[WORK TASK]:
The word "covers" occurs in some of the lines below; copy each of those lines.

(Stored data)
BEGIN

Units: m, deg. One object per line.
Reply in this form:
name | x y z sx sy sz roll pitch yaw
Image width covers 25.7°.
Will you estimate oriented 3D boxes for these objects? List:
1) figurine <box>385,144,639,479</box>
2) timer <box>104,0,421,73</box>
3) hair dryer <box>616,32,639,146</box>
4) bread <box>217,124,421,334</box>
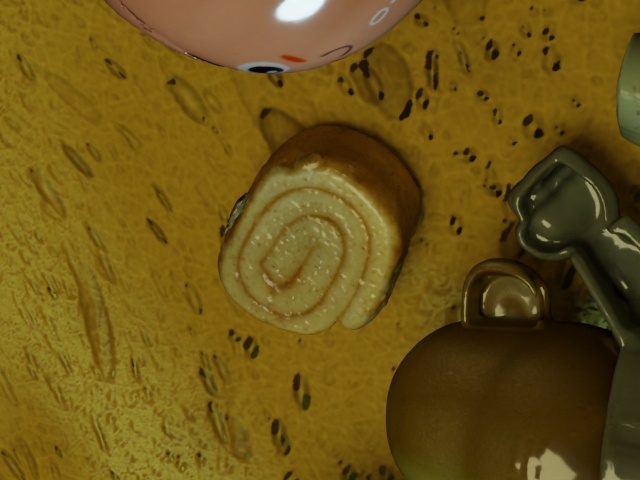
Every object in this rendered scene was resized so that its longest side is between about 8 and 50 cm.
figurine | 0.178 0.121 0.862 0.285 0.167 0.342 3 80 21
timer | -0.027 -0.208 0.758 0.229 0.229 0.215 43 126 1
hair dryer | 0.277 -0.145 0.751 0.206 0.075 0.237 11 112 14
bread | 0.000 0.000 0.948 0.122 0.073 0.149 32 125 6
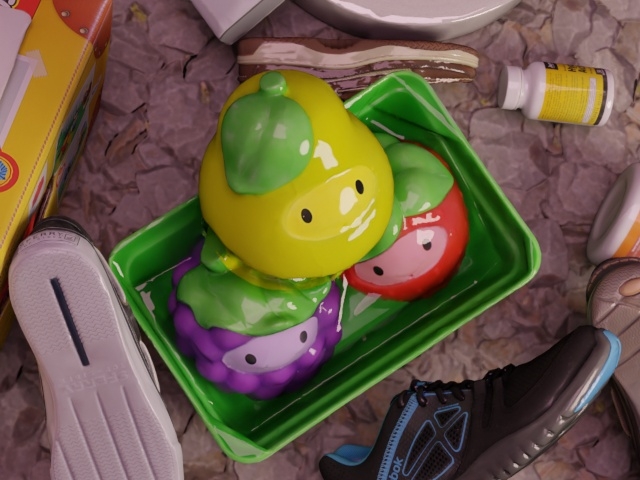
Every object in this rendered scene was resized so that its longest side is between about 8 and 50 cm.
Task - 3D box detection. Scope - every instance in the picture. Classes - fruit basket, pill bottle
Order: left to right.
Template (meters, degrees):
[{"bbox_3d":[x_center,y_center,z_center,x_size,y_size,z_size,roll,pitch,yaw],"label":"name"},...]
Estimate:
[{"bbox_3d":[0.000,0.000,1.267,0.392,0.392,0.283,-33,85,-11],"label":"fruit basket"},{"bbox_3d":[0.255,-0.161,1.478,0.116,0.065,0.065,5,79,-6],"label":"pill bottle"},{"bbox_3d":[0.402,0.013,1.437,0.216,0.121,0.121,25,78,-3],"label":"pill bottle"}]

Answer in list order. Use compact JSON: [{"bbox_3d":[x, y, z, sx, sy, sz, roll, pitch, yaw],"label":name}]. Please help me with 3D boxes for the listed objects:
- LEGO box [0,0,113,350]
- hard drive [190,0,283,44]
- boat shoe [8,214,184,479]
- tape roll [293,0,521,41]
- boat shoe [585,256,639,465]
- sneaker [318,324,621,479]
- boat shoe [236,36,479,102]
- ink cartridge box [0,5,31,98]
[{"bbox_3d":[-0.445,-0.039,1.228,0.372,0.193,0.500,17,58,-4],"label":"LEGO box"},{"bbox_3d":[-0.110,-0.386,1.426,0.203,0.040,0.307,-39,74,10],"label":"hard drive"},{"bbox_3d":[-0.195,0.130,1.246,0.121,0.119,0.335,-8,112,2],"label":"boat shoe"},{"bbox_3d":[0.096,-0.411,1.501,0.392,0.072,0.392,1,79,-6],"label":"tape roll"},{"bbox_3d":[0.369,0.166,1.391,0.132,0.130,0.355,-20,107,7],"label":"boat shoe"},{"bbox_3d":[0.138,0.179,1.317,0.341,0.125,0.139,-42,75,19],"label":"sneaker"},{"bbox_3d":[0.039,-0.166,1.450,0.257,0.095,0.095,1,96,-3],"label":"boat shoe"},{"bbox_3d":[-0.437,-0.201,1.138,0.353,0.119,0.207,14,57,-6],"label":"ink cartridge box"}]
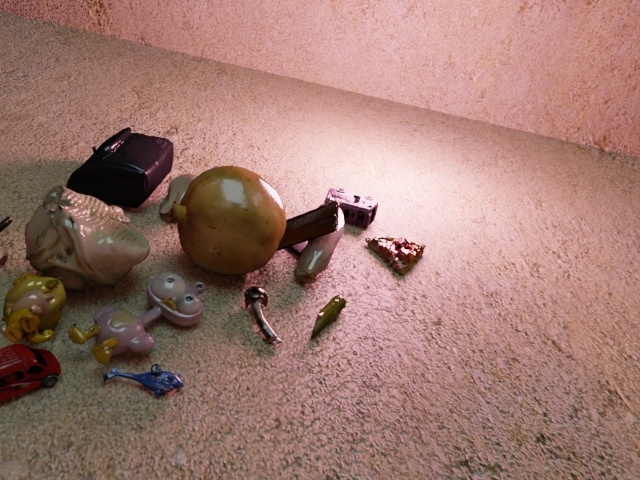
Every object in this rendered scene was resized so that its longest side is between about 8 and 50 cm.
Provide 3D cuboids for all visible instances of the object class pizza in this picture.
[{"bbox_3d":[0.256,0.036,2.030,0.200,0.053,0.193,5,31,-16],"label":"pizza"}]

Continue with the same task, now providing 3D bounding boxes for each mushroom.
[{"bbox_3d":[-0.144,0.192,1.618,0.060,0.061,0.187,-13,49,-16],"label":"mushroom"},{"bbox_3d":[0.002,0.000,1.906,0.109,0.097,0.351,-15,30,23],"label":"mushroom"}]

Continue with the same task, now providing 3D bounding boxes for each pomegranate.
[{"bbox_3d":[-0.256,-0.053,1.740,0.319,0.319,0.319,10,30,-6],"label":"pomegranate"}]

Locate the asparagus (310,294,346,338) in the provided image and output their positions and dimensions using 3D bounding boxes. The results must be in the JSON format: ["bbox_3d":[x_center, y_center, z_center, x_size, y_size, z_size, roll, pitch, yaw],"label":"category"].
[{"bbox_3d":[0.012,0.198,1.675,0.178,0.041,0.045,-38,103,-53],"label":"asparagus"}]

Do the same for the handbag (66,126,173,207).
[{"bbox_3d":[-0.628,-0.250,2.014,0.274,0.178,0.302,14,30,-1],"label":"handbag"}]

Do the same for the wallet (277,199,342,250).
[{"bbox_3d":[-0.054,-0.040,1.891,0.243,0.039,0.133,-19,35,25],"label":"wallet"}]

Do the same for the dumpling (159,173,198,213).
[{"bbox_3d":[-0.422,-0.135,1.989,0.166,0.126,0.216,-19,46,-3],"label":"dumpling"}]

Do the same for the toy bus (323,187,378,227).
[{"bbox_3d":[0.100,-0.108,2.176,0.178,0.087,0.098,15,32,8],"label":"toy bus"}]

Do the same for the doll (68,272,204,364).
[{"bbox_3d":[-0.399,0.174,1.491,0.160,0.094,0.365,30,35,20],"label":"doll"}]

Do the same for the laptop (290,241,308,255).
[{"bbox_3d":[-0.060,-0.001,2.000,0.180,0.016,0.129,35,37,29],"label":"laptop"}]

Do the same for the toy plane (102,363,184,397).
[{"bbox_3d":[-0.370,0.293,1.354,0.167,0.054,0.062,12,56,-5],"label":"toy plane"}]

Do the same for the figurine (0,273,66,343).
[{"bbox_3d":[-0.619,0.149,1.388,0.156,0.131,0.246,-34,21,0],"label":"figurine"}]

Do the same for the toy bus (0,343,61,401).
[{"bbox_3d":[-0.612,0.258,1.264,0.195,0.089,0.081,-18,44,-43],"label":"toy bus"}]

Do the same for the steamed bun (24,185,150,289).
[{"bbox_3d":[-0.583,0.023,1.581,0.280,0.207,0.268,23,17,-45],"label":"steamed bun"}]

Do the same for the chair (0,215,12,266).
[{"bbox_3d":[-0.834,0.059,1.445,0.186,0.160,0.319,15,29,-9],"label":"chair"}]
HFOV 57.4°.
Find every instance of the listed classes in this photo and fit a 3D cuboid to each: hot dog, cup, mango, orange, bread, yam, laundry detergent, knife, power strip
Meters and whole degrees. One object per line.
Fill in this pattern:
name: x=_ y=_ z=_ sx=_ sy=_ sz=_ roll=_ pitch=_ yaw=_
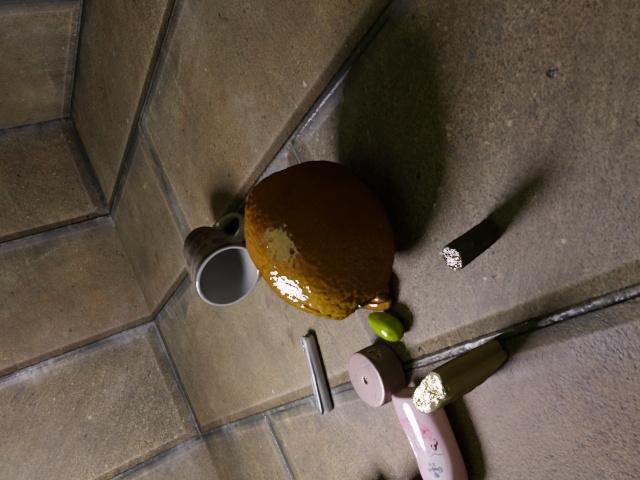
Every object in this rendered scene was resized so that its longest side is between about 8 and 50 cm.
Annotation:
hot dog: x=0.084 y=0.125 z=1.480 sx=0.249 sy=0.068 sz=0.100 roll=6 pitch=111 yaw=55
cup: x=-0.343 y=0.028 z=1.972 sx=0.257 sy=0.227 sz=0.301 roll=41 pitch=109 yaw=45
mango: x=0.157 y=0.207 z=1.420 sx=0.108 sy=0.056 sz=0.073 roll=29 pitch=157 yaw=45
orange: x=0.000 y=0.000 z=1.305 sx=0.357 sy=0.322 sz=0.322 roll=61 pitch=147 yaw=5
bread: x=0.277 y=0.273 z=1.165 sx=0.060 sy=0.178 sz=0.139 roll=53 pitch=146 yaw=27
yam: x=0.275 y=0.008 z=1.073 sx=0.054 sy=0.132 sz=0.054 roll=30 pitch=135 yaw=35
laundry detergent: x=0.275 y=0.513 z=1.382 sx=0.159 sy=0.088 sz=0.335 roll=-22 pitch=88 yaw=63
knife: x=-0.017 y=0.416 z=1.817 sx=0.073 sy=0.040 sz=0.266 roll=13 pitch=118 yaw=66
power strip: x=0.143 y=0.342 z=1.497 sx=0.154 sy=0.078 sz=0.154 roll=32 pitch=130 yaw=48

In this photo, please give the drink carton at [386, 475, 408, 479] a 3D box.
drink carton: x=0.202 y=0.771 z=1.472 sx=0.106 sy=0.130 sz=0.315 roll=77 pitch=180 yaw=-54
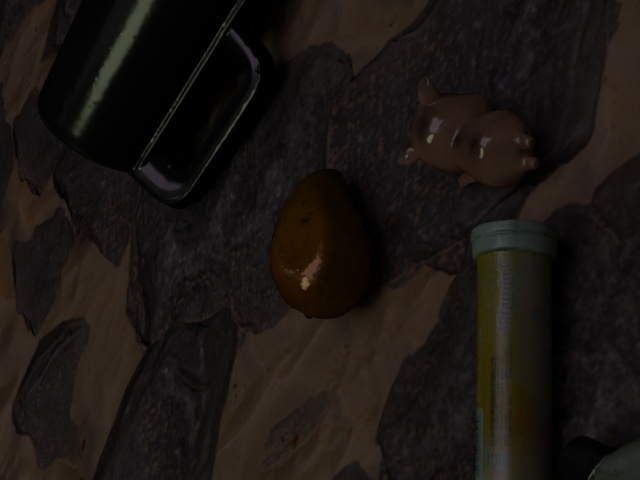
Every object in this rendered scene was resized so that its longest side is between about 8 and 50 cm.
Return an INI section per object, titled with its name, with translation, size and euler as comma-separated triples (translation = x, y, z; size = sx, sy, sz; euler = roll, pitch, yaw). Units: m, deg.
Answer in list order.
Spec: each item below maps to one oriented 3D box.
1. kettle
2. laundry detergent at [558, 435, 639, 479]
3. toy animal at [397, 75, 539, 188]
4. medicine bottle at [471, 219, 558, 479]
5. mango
[kettle]
translation = -0.181, -0.235, 1.433
size = 0.308, 0.262, 0.203
euler = -56, 5, 23
[laundry detergent]
translation = 0.254, 0.193, 0.795
size = 0.225, 0.070, 0.099
euler = 22, 100, 51
[toy animal]
translation = 0.137, -0.093, 1.041
size = 0.150, 0.089, 0.083
euler = 19, 87, 43
[medicine bottle]
translation = 0.159, 0.096, 0.951
size = 0.074, 0.074, 0.218
euler = -14, 67, 47
[mango]
translation = -0.004, 0.006, 1.165
size = 0.115, 0.089, 0.165
euler = -47, 42, 25
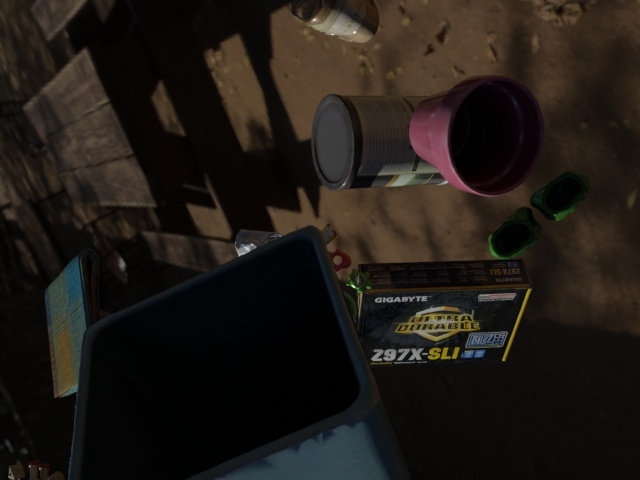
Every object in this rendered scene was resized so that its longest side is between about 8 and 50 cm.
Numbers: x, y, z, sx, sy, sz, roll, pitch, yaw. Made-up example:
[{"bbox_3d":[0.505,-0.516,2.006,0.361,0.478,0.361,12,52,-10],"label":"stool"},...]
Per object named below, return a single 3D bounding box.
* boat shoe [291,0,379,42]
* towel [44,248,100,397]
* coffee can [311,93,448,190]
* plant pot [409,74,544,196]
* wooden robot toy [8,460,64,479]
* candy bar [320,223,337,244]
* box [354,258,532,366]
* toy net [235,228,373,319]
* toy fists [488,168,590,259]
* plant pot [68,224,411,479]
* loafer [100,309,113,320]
[{"bbox_3d":[0.027,-0.409,1.345,0.122,0.110,0.341,-56,20,23],"label":"boat shoe"},{"bbox_3d":[-0.533,0.190,1.683,0.370,0.040,0.272,-30,66,56],"label":"towel"},{"bbox_3d":[0.145,-0.214,1.689,0.201,0.275,0.202,175,90,-65],"label":"coffee can"},{"bbox_3d":[0.255,-0.188,1.358,0.180,0.201,0.201,27,140,63],"label":"plant pot"},{"bbox_3d":[-0.591,0.511,1.614,0.173,0.079,0.076,37,-156,-42],"label":"wooden robot toy"},{"bbox_3d":[0.000,0.000,1.669,0.018,0.161,0.040,-35,92,25],"label":"candy bar"},{"bbox_3d":[0.227,0.148,1.543,0.257,0.321,0.079,93,174,-50],"label":"box"},{"bbox_3d":[-0.028,0.043,1.256,0.232,0.122,0.045,36,174,-6],"label":"toy net"},{"bbox_3d":[0.503,-0.059,1.807,0.096,0.279,0.142,50,-166,17],"label":"toy fists"},{"bbox_3d":[-0.048,0.189,0.703,0.248,0.247,0.252,-109,-5,-56],"label":"plant pot"},{"bbox_3d":[-0.560,0.221,2.075,0.056,0.050,0.148,24,173,43],"label":"loafer"}]
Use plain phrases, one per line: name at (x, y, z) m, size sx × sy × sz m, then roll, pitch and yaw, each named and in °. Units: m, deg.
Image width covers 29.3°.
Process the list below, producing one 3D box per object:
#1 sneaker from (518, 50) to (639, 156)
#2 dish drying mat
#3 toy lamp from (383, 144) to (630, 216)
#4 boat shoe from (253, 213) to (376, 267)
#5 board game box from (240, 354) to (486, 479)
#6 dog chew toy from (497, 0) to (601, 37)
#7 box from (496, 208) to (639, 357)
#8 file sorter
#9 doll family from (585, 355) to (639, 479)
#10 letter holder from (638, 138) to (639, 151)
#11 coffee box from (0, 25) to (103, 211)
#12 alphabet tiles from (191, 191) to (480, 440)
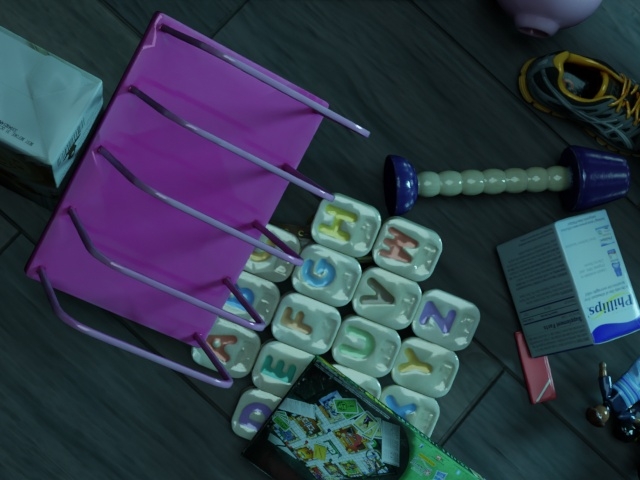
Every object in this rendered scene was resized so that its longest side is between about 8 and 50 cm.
sneaker at (0.337, -0.159, 1.413) m, size 0.214 × 0.083 × 0.084 m, roll 18°, pitch 78°, yaw -7°
dish drying mat at (0.244, 0.142, 1.390) m, size 0.032 × 0.008 × 0.083 m, roll -11°, pitch 83°, yaw -9°
toy lamp at (0.212, -0.065, 1.383) m, size 0.274 × 0.080 × 0.080 m, roll -4°, pitch 82°, yaw -8°
boat shoe at (0.000, 0.000, 1.345) m, size 0.177 × 0.064 × 0.060 m, roll 2°, pitch 83°, yaw -6°
board game box at (0.058, 0.251, 1.309) m, size 0.259 × 0.030 × 0.136 m, roll 38°, pitch 92°, yaw -6°
dog chew toy at (0.284, -0.393, 1.388) m, size 0.206 × 0.206 × 0.332 m, roll 17°, pitch 87°, yaw -6°
box at (0.272, 0.049, 1.345) m, size 0.072 × 0.126 × 0.137 m, roll -14°, pitch 84°, yaw -24°
file sorter at (-0.116, -0.034, 1.167) m, size 0.202 × 0.182 × 0.291 m, roll 26°, pitch 95°, yaw -25°
doll family at (0.371, 0.212, 1.371) m, size 0.111 × 0.076 × 0.193 m, roll -38°, pitch 84°, yaw -8°
letter holder at (0.533, -0.085, 1.336) m, size 0.302 × 0.214 × 0.152 m, roll 46°, pitch 43°, yaw 16°
coffee box at (-0.299, -0.118, 1.223) m, size 0.141 × 0.246 × 0.098 m, roll 29°, pitch 77°, yaw -4°
alphabet tiles at (0.017, 0.100, 1.312) m, size 0.278 × 0.021 × 0.284 m, roll 22°, pitch 97°, yaw -4°
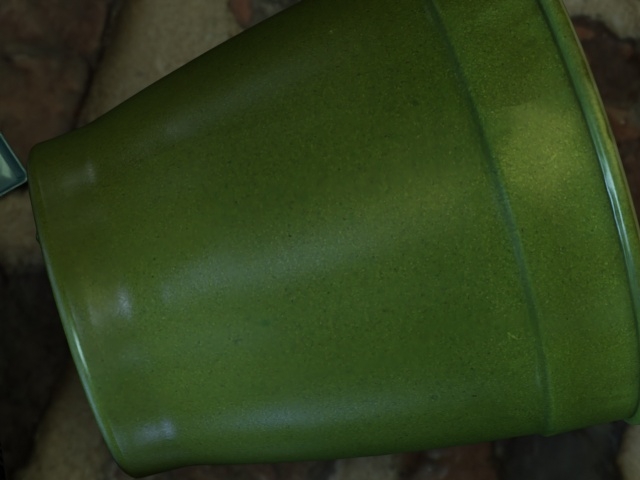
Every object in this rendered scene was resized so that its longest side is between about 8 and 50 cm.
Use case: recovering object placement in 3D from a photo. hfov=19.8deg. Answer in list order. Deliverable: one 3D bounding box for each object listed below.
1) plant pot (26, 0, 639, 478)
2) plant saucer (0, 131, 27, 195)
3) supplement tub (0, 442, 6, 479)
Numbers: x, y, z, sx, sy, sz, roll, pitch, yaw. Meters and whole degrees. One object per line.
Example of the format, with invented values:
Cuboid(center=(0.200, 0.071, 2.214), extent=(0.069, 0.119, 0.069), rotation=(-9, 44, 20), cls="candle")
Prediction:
Cuboid(center=(0.000, 0.000, 1.243), extent=(0.353, 0.366, 0.366), rotation=(-17, 80, -3), cls="plant pot")
Cuboid(center=(-0.294, -0.107, 1.362), extent=(0.067, 0.018, 0.192), rotation=(-32, 83, -16), cls="plant saucer")
Cuboid(center=(-0.304, 0.162, 1.204), extent=(0.193, 0.193, 0.316), rotation=(-8, 78, -13), cls="supplement tub")
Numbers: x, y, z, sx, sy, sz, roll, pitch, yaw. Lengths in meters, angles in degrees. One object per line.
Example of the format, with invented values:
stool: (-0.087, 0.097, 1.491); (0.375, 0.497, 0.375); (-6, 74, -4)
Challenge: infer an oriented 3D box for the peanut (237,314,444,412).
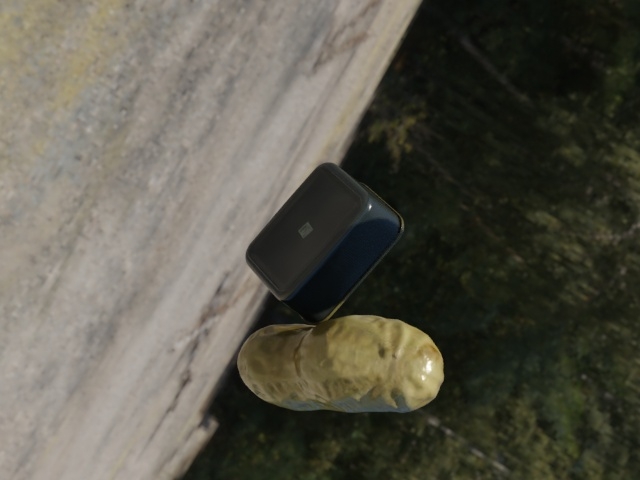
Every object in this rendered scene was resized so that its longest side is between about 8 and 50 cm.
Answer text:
peanut: (0.018, 0.165, 1.494); (0.147, 0.319, 0.147); (2, 87, -54)

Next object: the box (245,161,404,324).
box: (0.000, 0.000, 1.536); (0.201, 0.144, 0.090); (-48, 136, 5)
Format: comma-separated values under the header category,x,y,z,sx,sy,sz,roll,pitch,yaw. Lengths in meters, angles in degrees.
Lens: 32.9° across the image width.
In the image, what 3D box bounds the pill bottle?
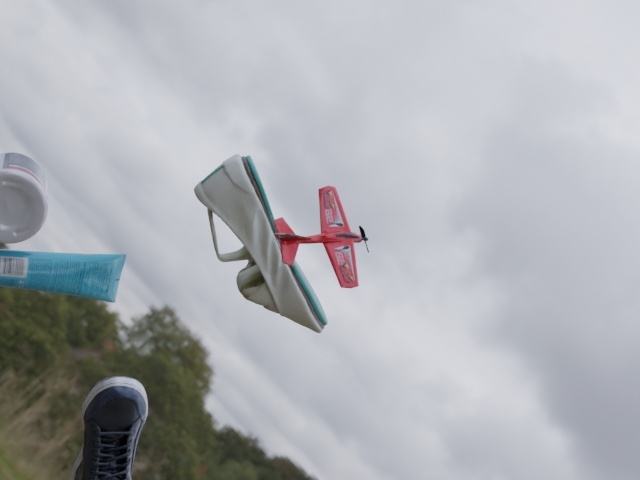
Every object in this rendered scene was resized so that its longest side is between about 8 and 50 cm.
category,x,y,z,sx,sy,sz,roll,pitch,yaw
pill bottle,-0.450,-0.070,1.577,0.108,0.108,0.180,53,0,-22

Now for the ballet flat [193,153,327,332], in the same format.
category,x,y,z,sx,sy,sz,roll,pitch,yaw
ballet flat,-0.112,0.025,1.931,0.139,0.139,0.400,31,-27,50

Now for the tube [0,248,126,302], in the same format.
category,x,y,z,sx,sy,sz,roll,pitch,yaw
tube,-0.397,0.048,1.622,0.207,0.080,0.052,7,21,-29

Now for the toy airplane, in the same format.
category,x,y,z,sx,sy,sz,roll,pitch,yaw
toy airplane,0.000,0.000,1.435,0.151,0.151,0.028,48,-39,-1

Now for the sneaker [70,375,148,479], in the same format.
category,x,y,z,sx,sy,sz,roll,pitch,yaw
sneaker,-0.249,0.289,1.317,0.163,0.086,0.226,-112,-148,-46

END

[OUTPUT FOR THIS TASK]:
Image width covers 25.7°.
Image width covers 29.3°.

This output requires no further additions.